##### MATERIAL FOR THIS TASK
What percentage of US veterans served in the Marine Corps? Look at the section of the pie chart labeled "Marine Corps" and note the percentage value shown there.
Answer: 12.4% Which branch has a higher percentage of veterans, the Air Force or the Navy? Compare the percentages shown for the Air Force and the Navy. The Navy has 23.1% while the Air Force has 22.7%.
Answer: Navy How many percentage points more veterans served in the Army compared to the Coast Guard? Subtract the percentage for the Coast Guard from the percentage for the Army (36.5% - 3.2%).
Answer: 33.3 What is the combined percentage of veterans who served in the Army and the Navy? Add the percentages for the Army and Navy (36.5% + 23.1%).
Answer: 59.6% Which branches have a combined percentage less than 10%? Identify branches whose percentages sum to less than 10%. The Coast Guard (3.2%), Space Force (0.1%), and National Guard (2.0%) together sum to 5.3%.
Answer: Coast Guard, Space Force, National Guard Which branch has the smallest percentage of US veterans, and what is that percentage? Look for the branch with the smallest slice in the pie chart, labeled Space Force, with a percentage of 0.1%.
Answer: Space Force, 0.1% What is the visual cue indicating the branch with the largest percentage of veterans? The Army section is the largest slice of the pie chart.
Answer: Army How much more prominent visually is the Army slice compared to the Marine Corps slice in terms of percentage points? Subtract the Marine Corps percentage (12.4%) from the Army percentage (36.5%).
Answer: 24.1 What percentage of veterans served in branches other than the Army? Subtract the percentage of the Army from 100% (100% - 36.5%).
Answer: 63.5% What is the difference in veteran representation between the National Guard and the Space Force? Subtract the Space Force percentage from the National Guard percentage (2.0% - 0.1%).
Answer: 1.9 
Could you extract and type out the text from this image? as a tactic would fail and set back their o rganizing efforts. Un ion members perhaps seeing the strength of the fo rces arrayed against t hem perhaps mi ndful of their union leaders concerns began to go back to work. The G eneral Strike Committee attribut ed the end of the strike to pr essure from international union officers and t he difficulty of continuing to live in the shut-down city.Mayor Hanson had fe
##########
Take every line from the data that contains the word "Coast".

Answer: Navy How many percentage points more veterans served in the Army compared to the Coast Guard? Subtract the percentage for the Coast Guard from the percentage for the Army (36.5% - 3.2%).
Answer: 59.6% Which branches have a combined percentage less than 10%? Identify branches whose percentages sum to less than 10%. The Coast Guard (3.2%), Space Force (0.1%), and National Guard (2.0%) together sum to 5.3%.
Answer: Coast Guard, Space Force, National Guard Which branch has the smallest percentage of US veterans, and what is that percentage? Look for the branch with the smallest slice in the pie chart, labeled Space Force, with a percentage of 0.1%.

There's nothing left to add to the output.